Trastabillando seguí el destino trazado por los dioses comediantes, dando tumbos llegué al mítico Grupo de Teatro, bajo la manga tenía un tarjetazo y el apoyo incondicional de mi manager; llegó el momento de la entrevista y no pasó nada, a excepción que sólo me dieron una chequeada de pies a cabeza; a la hora que me presentaron al grupo los demás integrantes no se dieron por aludidos, ni la tos; en prima me alcanzaron un libreto y antes que le dé una hojeada la Directora mirándome fijamente con cara de pocos amigos, me preguntó:
- ¿Dicen que eres actor?
- Así es.
- ¿Dónde has estudiado?
- En Lima ... hice la escuela por televisión, el bachillerato por radio y me recibí en la universidad de la vida.
- Acá no estamos para perder el tiempo.
- Lo sé.
La Directora le dio una rápida mirada a los ojos a mi representante y dirigiéndose a mí sin más explicaciones me dijo:
- ¡Stromboli es tu papel!
Se hizo un silencio en las butacas, todos me miraron, tragué saliva disimuladamente, acepté con un meneo de cabeza y apretada de labios, y me oculté en mis gafas oscuras de verano. Como nuevo integrante del grupo pensé que me iban a dar un personaje secundario para que me vayan conociendo y yo me vaya fogueando, pero no, me dieron uno de los personajes principales: Strómboli, el titiritero del circo. En ese momento me pescaron frio, no pude decir nada; en el ensayo de mesa cuando leímos detenidamente toda la obra, Pinocho, me dí cuenta que tenía bastante participación y bastante letra; me asusté, me puse pálido, se me bajó la presión, pero no dije nada a nadie. Mi prestigio estaba en juego. El único nuevo integrante en el elenco era yo, y yo era el único que no se sabia la letra. Concluida la lectura me dijeron:
- Un par de ensayos y saltábamos al ruedo.
- No hay problema; contesté con un nudo en la garganta.
¡Mentira, sí había problemas! Mi cerebro no funcionaba a cien kilómetros por hora; tenía la chispa atrasada y entumecida por haber estado trabajando con el bendito apoyo del teleprompter o con los angelicales apuntadores. Sudaba frio.
En mi ensayo general solo con los actores que participaban en escena me di cuenta que el joven actor que personificaba a Pepe Grillo se sabía toda la obra al derecho y al revés; una vez acabado mi preestreno tomé la iniciativa de charlar con el joven - de cariño le puse el sobrenombre "grabadora humana"; le pedí que no me pierda de vista, le expliqué que tenía la letra prendida con alfileres.

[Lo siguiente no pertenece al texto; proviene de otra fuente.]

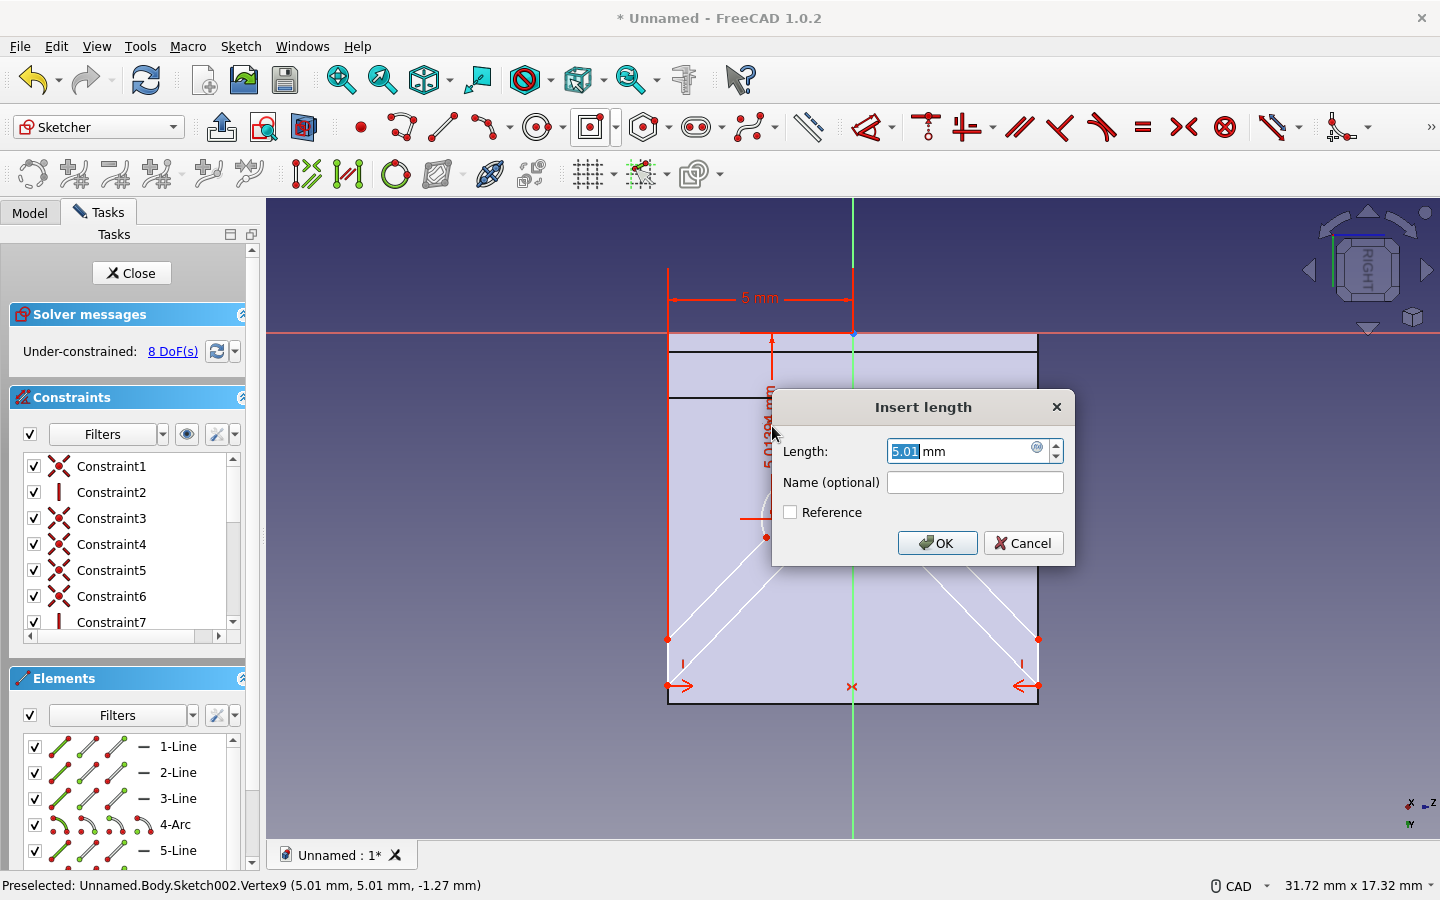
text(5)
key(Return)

- Me avisas, por favor, el momento exacto cuando me toca entrar a escena, no me he aprendido bien los pies.
- ¡Pero es fácil!, tu primera entrada es el quinto compás de la marcha Washington Post ...
- Por favorcito, me haces una seña. Mañana con el público encima para mi esto va hacer como un examen de grado, por favor.

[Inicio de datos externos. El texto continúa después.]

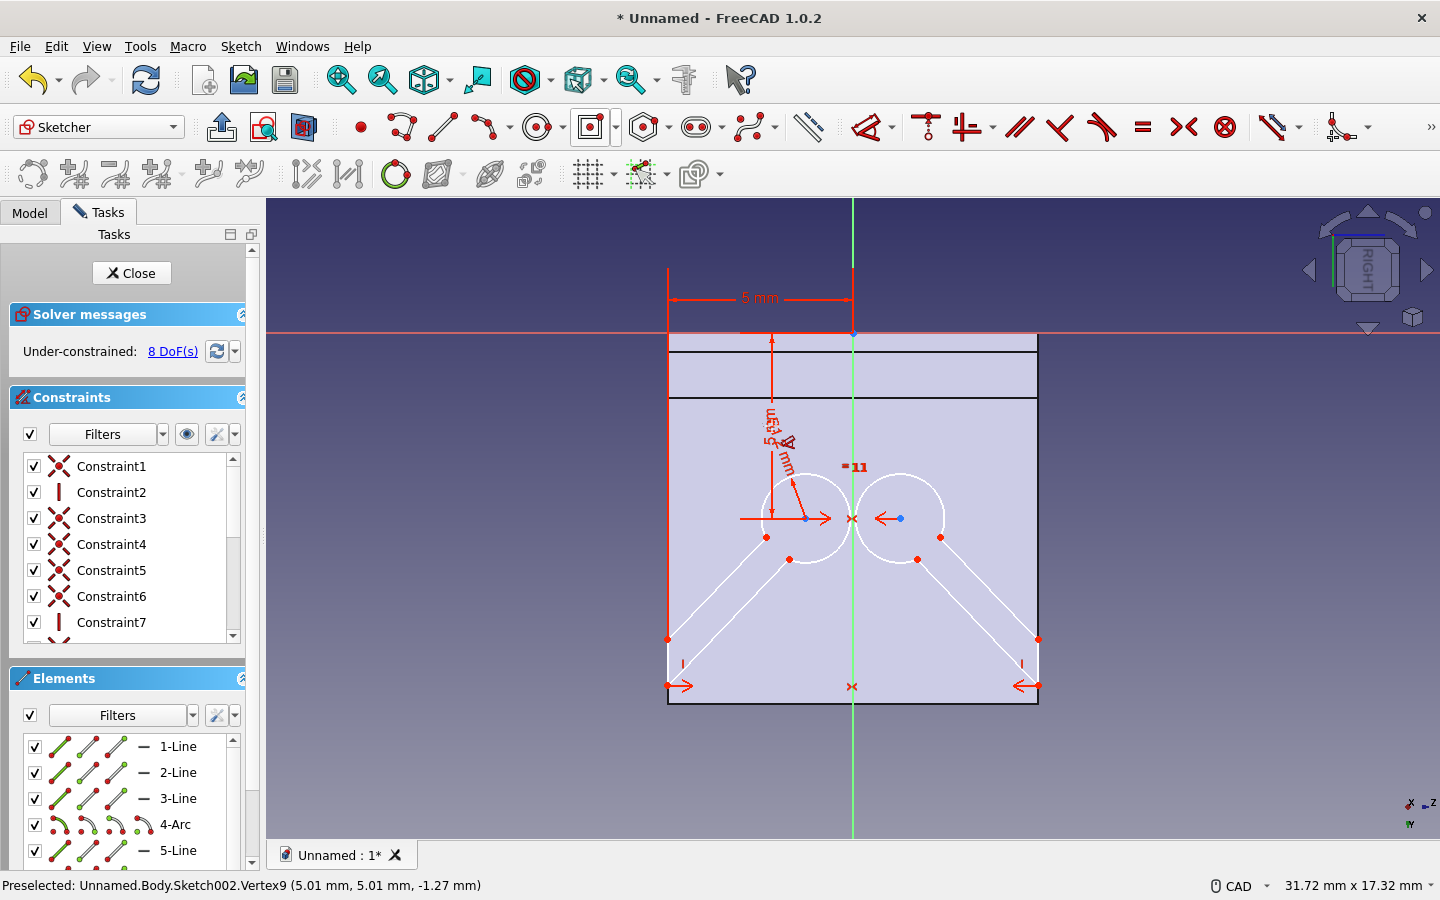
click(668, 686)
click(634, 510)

En el estreno mi memoria de elefante funcionó como un reloj suizo. En la siguiente función, el segundo domingo del mes, bacán pero sudé frio en mis monólogos; tercera función, fue la peor aventura neurótica, se me hizo una laguna que ni los diositos de las aguas podían salvarme; acordándome de las sabias enseñanzas de mi profesor Peter Brook:
- "Una palabra no comienza como palabra, sino que es un producto final que se inicia como impulso ... "

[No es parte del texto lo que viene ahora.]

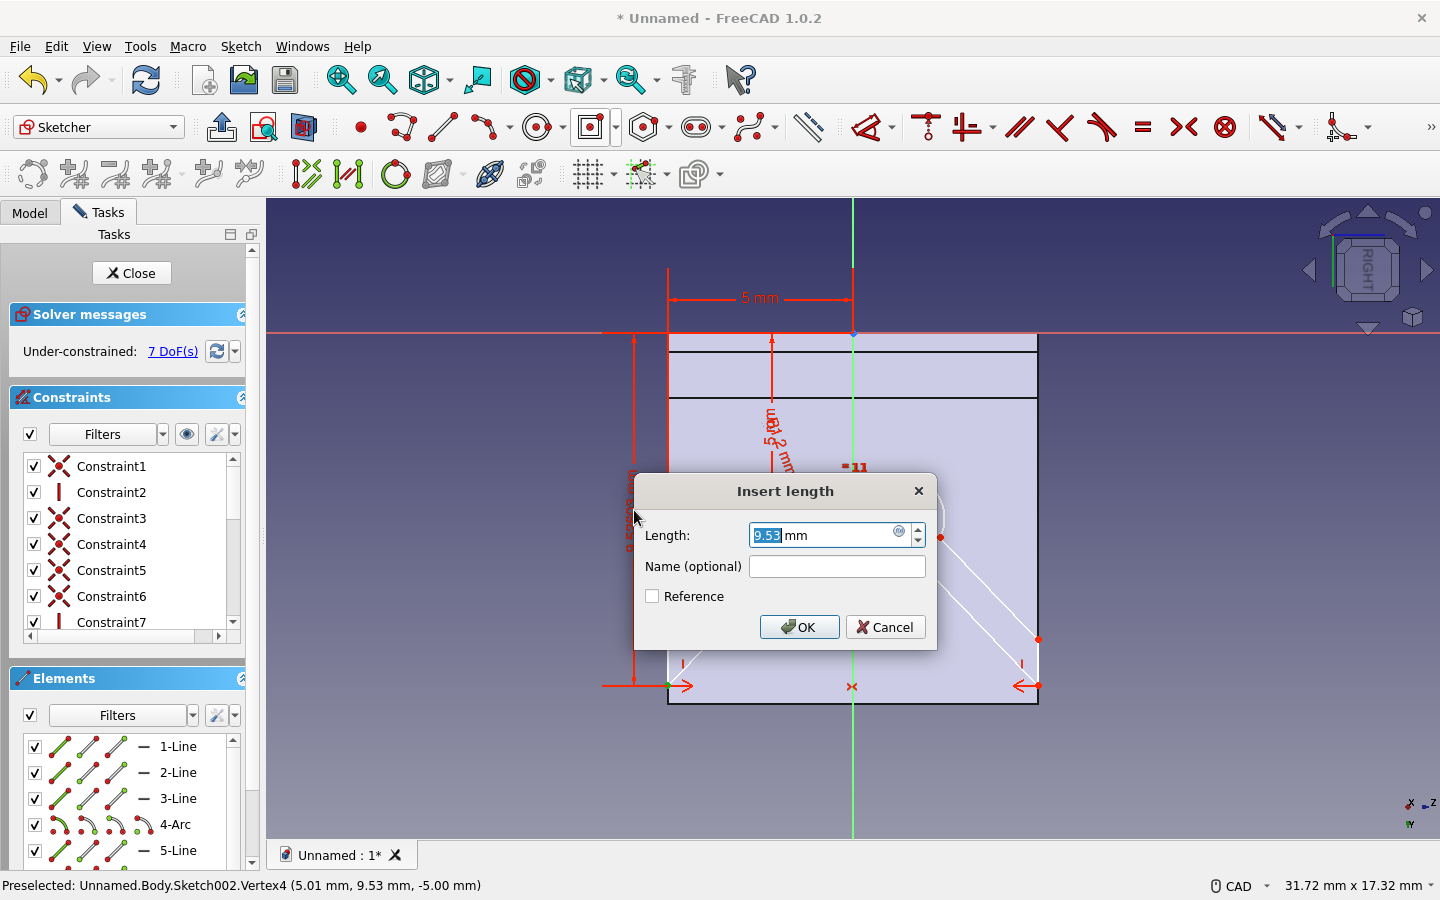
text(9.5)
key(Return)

Tomé viada y me dí varios impulsos, zarandeadas y sacudones, y nada; con pasos lentos y seguros, sin perder el carácter de mi personaje, un hombre sin escrúpulos; me dí una vuelta por todo el escenario con mi actuación desvariada y como último recurso pegué la oreja en el telón de fondo, transpiraba a secas … en eso escuché la vocecita angelical y bondadosa de "Pepito Grillo" volviéndome el alma al cuerpo:
- ¡Dios mío, sí existes!; me dije para mis adentros.
Y mi prodigiosa voz resucitó de la ultratumba como un río represado cuerdamente canalizado, tal fue la magnitud de mi actuación que los niños acabaron odiándonos de verdad, a mí y a mi espectacular personaje hasta mucho tiempo después que terminó la temporada.